O Segundo Mundo: impérios e influências na nova ordem global | Parag Khanna
Até uns poucos anos atrás, o mundo era dividido, para algumas pessoas, em três categorias. Haveria o Primeiro Mundo, formado pelos países capitalistas desenvolvidos; o Segundo, constituído pelos países do bloco soviético, e o Terceiro, que agruparia toda a parte mais pobre e subdesenvolvida do planeta. Tal categorização era, com certeza, problemática, pois reunia países de forma arbitrária e nem sempre razoável.
O principal problema, com certeza, era a caracterização de Terceiro Mundo, que agrupava, num único bloco, países em vias de desenvolvimento com outros mergulhados em pobreza extrema. Surgiram daí idéias de criar uma categoria de “Quarto Mundo” para reunir estes últimos, mas tal proposta não foi em frente. De qualquer modo, com o fim do bloco soviético, esta maneira de ver o mundo ruiu e outras maneiras de dividir os povos e os países segundo seu desenvolvimento econômico e social surgiram.
Parag Khanna, nascido na Índia, mas criado e estabelecido nos Estados Unidos, tem uma nova proposta, bastante inovadora. Ele resgata a velha divisão entre três mundos, mas modifica os seus termos. Assim, o Primeiro Mundo continua a ser a parte rica do planeta, mas o Terceiro seria formado apenas pelos seus países mais pobres e sem perspectivas. A grande inovação é, contudo, a reformatação da categoria de Segundo Mundo, o qual seria formado, agora, pelos países ainda não tão ricos para entrarem no primeiro time e nem tão pobres para fazerem parte do segundo. Estes países, além disso, teriam como característica a mistura de elementos do Primeiro e do Segundo mundos em suas sociedades, podendo, no futuro, ascender para um ou cair para outro.
Sua divisão geográfica do mundo, dessa forma, é interessante. O Primeiro Mundo seria a Europa Ocidental, a América do Norte, a Austrália e Nova Zelândia, o Japão e os tigres asiáticos. O Terceiro seria a parte andina da América do sul, o Caribe e a América Central e, acima de tudo, a Ásia do sul (Índia e seus vizinhos) e a África negra. Já o Segundo mundo seria constituído do grosso da América do sul, o México, o mundo árabe (incluindo a África do Norte) e o espaço ex-soviético.
Parag Khanna, contudo, não faz essa definição simplesmente como uma forma de facilitar nosso entendimento da geografia econômica do nosso planeta. O que ele quer é compreender a cartografia política da Terra e a sua divisão em “mundos” permite que se compreenda, segundo ele, o processo histórico atual, o qual se caracterizaria pela globalização acelerada e pela disputa geopolítica dos três grandes impérios existentes hoje pelo Segundo Mundo.

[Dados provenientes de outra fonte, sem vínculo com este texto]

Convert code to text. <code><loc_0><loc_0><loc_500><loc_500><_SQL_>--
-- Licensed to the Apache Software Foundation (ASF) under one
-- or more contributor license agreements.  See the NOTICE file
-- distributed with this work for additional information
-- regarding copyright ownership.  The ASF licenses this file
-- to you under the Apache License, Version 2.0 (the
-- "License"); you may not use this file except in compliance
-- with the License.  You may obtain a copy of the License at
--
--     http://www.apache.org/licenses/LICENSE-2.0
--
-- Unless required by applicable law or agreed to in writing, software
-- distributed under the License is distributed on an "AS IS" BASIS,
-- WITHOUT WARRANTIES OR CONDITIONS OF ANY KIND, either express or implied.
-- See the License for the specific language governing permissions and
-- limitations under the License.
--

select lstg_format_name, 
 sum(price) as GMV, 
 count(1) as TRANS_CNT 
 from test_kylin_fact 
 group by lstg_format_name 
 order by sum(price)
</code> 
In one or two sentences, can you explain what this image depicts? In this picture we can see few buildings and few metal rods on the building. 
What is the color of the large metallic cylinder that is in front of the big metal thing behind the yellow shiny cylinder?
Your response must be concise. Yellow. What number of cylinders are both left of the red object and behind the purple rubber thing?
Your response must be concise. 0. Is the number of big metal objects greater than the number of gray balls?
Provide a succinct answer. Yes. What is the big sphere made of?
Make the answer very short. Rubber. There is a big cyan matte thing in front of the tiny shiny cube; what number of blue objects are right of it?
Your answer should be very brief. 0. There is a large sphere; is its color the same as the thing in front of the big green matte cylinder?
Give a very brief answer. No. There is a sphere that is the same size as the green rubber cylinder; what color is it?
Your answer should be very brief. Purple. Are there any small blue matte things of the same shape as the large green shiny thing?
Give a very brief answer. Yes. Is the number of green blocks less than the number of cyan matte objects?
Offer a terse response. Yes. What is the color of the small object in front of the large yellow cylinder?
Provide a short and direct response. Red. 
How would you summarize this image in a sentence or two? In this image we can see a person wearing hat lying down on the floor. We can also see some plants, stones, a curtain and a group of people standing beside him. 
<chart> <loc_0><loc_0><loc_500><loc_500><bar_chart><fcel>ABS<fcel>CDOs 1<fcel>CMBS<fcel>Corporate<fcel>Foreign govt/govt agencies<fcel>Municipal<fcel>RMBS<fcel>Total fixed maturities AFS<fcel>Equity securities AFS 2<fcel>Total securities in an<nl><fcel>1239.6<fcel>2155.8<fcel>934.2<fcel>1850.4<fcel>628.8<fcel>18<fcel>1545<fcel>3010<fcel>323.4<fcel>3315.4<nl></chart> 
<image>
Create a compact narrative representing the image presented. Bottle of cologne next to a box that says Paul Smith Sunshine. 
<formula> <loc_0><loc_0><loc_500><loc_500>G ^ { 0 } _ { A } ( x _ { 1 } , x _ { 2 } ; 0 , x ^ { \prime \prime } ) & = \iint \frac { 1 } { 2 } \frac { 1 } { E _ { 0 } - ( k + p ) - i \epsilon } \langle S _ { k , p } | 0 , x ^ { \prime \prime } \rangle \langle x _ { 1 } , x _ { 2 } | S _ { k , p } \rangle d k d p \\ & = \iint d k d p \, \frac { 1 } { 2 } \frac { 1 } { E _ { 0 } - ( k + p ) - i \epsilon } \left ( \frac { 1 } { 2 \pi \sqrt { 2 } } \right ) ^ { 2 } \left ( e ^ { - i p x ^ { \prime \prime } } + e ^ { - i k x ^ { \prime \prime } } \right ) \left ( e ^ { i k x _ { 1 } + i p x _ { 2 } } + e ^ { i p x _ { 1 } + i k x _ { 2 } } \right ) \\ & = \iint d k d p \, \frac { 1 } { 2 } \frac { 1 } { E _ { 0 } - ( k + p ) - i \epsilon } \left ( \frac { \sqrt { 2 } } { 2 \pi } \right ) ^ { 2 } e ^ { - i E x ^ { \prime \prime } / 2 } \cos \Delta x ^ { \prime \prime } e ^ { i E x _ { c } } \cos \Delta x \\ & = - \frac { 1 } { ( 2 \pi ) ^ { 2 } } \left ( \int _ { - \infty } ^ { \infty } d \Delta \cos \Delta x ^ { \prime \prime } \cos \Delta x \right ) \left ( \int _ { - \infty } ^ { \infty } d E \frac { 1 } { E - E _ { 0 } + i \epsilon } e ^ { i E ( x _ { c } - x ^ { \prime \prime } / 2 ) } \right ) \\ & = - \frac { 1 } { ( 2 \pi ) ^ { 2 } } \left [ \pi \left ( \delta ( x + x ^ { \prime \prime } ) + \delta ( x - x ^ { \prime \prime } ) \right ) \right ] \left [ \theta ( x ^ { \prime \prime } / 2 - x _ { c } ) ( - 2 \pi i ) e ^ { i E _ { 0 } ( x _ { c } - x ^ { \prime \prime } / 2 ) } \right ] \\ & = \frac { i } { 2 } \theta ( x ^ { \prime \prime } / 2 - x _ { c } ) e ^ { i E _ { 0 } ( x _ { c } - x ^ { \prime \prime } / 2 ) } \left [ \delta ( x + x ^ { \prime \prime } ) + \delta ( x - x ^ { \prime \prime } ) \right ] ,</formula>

Para ele, assim, o Terceiro Mundo é irrelevante e atraí atenção apenas ocasional por parte dos novos Impérios. Já as riquezas e o potencial do Segundo podem dar a vitória ou a derrota aos novos competidores pelo poder global, pelo que uma feroz disputa por influência e conquista já estaria em pleno desenvolvimento nesse início de século. Nos seus termos, o Segundo Mundo se tornou um grande mercado geopolítico, no qual os novos Impérios competem por influência e os Estados barganham a sua posição entre eles.
Os três Impérios do momento presente são os Estados Unidos, a União Européia e a China que, apesar de ainda estar no Segundo Mundo, caminha rápido para o Primeiro e com potencial suficiente para ser um dos poderes emergentes. Ele considera a Rússia uma potência em plena decadência; a África do Sul e a Indonésia como países pobres com poucas possibilidades reais de ascensão e o Japão acomodado em sua posição de rico satisfeito.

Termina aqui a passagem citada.